:: Directions ::
Every record is to be copied unchanged, except that its pictures are removed.

:: Available data ::
• • •
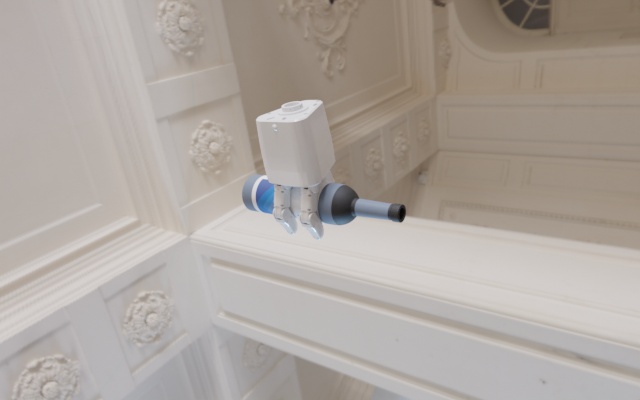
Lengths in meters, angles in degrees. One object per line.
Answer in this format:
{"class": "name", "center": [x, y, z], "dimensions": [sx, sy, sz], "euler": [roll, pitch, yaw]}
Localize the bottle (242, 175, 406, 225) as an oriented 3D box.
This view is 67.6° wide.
{"class": "bottle", "center": [0.000, 0.003, 0.781], "dimensions": [0.295, 0.069, 0.069], "euler": [8, 5, 35]}
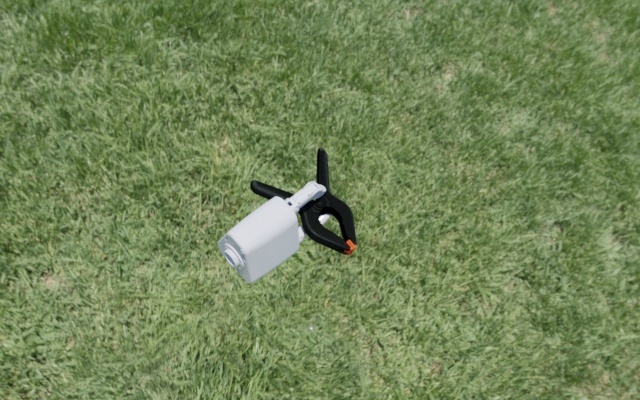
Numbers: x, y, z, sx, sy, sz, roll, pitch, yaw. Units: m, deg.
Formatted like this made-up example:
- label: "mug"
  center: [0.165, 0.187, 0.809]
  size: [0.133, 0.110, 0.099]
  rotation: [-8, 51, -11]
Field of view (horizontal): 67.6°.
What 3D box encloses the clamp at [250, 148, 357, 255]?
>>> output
- label: "clamp"
  center: [0.000, 0.003, 0.851]
  size: [0.164, 0.210, 0.036]
  rotation: [-37, -15, -27]
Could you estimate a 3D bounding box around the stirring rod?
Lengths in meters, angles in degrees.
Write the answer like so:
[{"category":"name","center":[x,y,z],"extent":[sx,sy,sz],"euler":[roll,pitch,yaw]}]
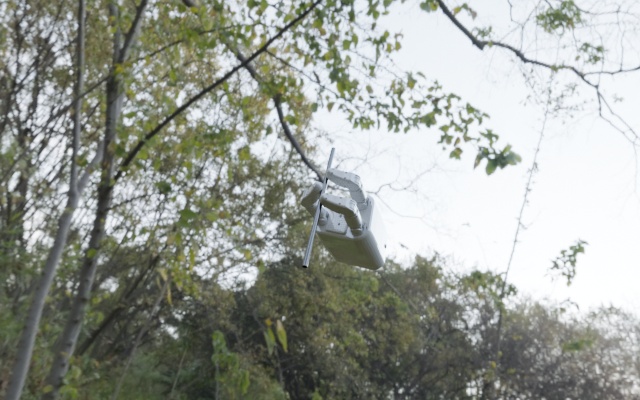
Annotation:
[{"category":"stirring rod","center":[0.000,0.003,0.760],"extent":[0.011,0.239,0.011],"euler":[9,-38,7]}]
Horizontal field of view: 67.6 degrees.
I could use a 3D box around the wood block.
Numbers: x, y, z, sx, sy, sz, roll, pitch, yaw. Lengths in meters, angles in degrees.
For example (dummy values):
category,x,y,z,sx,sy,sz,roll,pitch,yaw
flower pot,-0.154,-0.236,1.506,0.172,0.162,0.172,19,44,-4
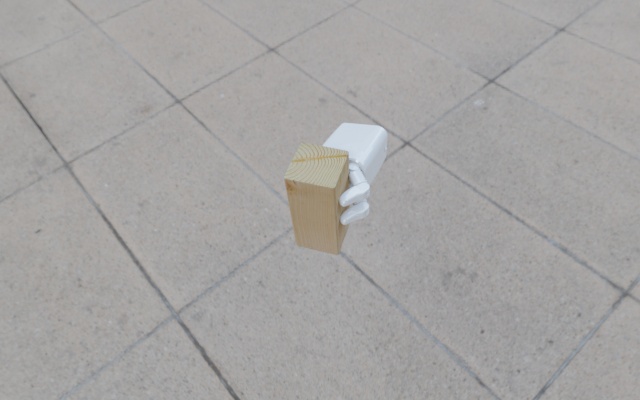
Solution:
category,x,y,z,sx,sy,sz,roll,pitch,yaw
wood block,0.000,0.002,0.882,0.091,0.090,0.206,13,-36,14
• • •
:: Result ::
Lengths in meters, angles in degrees. One object per line.
Answer in this format:
{"class": "name", "center": [x, y, z], "dimensions": [sx, sy, sz], "euler": [roll, pitch, yaw]}
Localize the bottle (242, 175, 406, 225) as an oriented 3D box.
This view is 67.6° wide.
{"class": "bottle", "center": [0.000, 0.003, 0.781], "dimensions": [0.295, 0.069, 0.069], "euler": [8, 5, 35]}
Numbers: x, y, z, sx, sy, sz, roll, pitch, yaw. Units: m, deg.
Formatted like this made-up example:
- label: "mug"
  center: [0.165, 0.187, 0.809]
  size: [0.133, 0.110, 0.099]
  rotation: [-8, 51, -11]
Field of view (horizontal): 67.6°.
What 3D box encloses the clamp at [250, 148, 357, 255]?
>>> output
- label: "clamp"
  center: [0.000, 0.003, 0.851]
  size: [0.164, 0.210, 0.036]
  rotation: [-37, -15, -27]
Could you estimate a 3D bounding box around the stirring rod?
Lengths in meters, angles in degrees.
Write the answer like so:
[{"category":"name","center":[x,y,z],"extent":[sx,sy,sz],"euler":[roll,pitch,yaw]}]
Annotation:
[{"category":"stirring rod","center":[0.000,0.003,0.760],"extent":[0.011,0.239,0.011],"euler":[9,-38,7]}]
Horizontal field of view: 67.6 degrees.
I could use a 3D box around the wood block.
Numbers: x, y, z, sx, sy, sz, roll, pitch, yaw. Lengths in meters, angles in degrees.
For example (dummy values):
category,x,y,z,sx,sy,sz,roll,pitch,yaw
flower pot,-0.154,-0.236,1.506,0.172,0.162,0.172,19,44,-4
Solution:
category,x,y,z,sx,sy,sz,roll,pitch,yaw
wood block,0.000,0.002,0.882,0.091,0.090,0.206,13,-36,14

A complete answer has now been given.